Supplied material: Begin

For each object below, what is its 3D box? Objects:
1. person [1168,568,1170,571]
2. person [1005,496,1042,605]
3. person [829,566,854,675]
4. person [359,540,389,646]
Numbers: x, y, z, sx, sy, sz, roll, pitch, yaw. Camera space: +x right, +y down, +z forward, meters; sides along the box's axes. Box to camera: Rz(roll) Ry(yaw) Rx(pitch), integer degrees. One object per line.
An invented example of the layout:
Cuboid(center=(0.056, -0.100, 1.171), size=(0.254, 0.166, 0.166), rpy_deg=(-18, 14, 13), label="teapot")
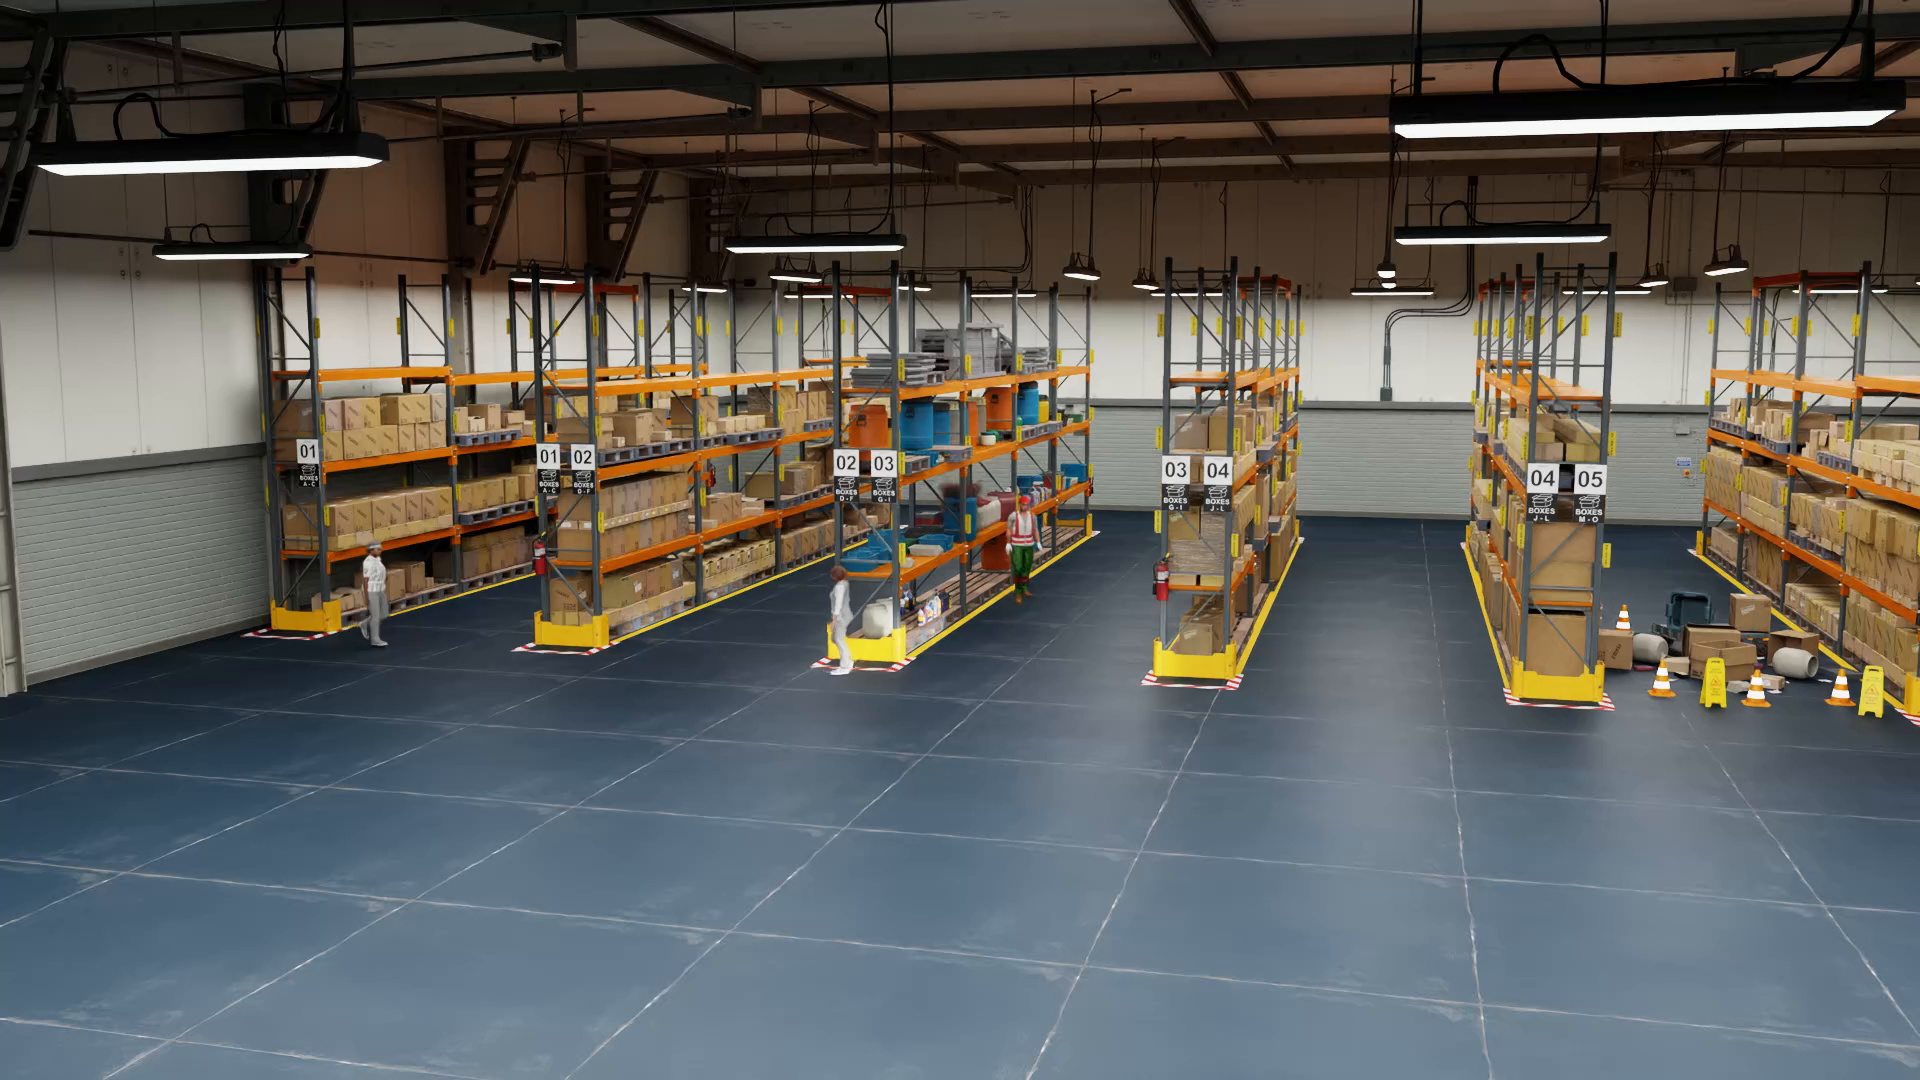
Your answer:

Supplied material: End

:: Aim of the exercise ::
Transcribe the records above exactly, without images.

:: Exercise solution ::
For each object below, what is its 3D box? Objects:
1. person [1168,568,1170,571]
2. person [1005,496,1042,605]
3. person [829,566,854,675]
4. person [359,540,389,646]
Numbers: x, y, z, sx, sy, sz, roll, pitch, yaw. Camera space: +x right, +y down, +z forward, meters; sides along the box's axes. Box to camera: Rz(roll) Ry(yaw) Rx(pitch), integer degrees. One object per line.
An invented example of the layout:
Cuboid(center=(0.056, -0.100, 1.171), size=(0.254, 0.166, 0.166), rpy_deg=(-18, 14, 13), label="teapot")
Your answer:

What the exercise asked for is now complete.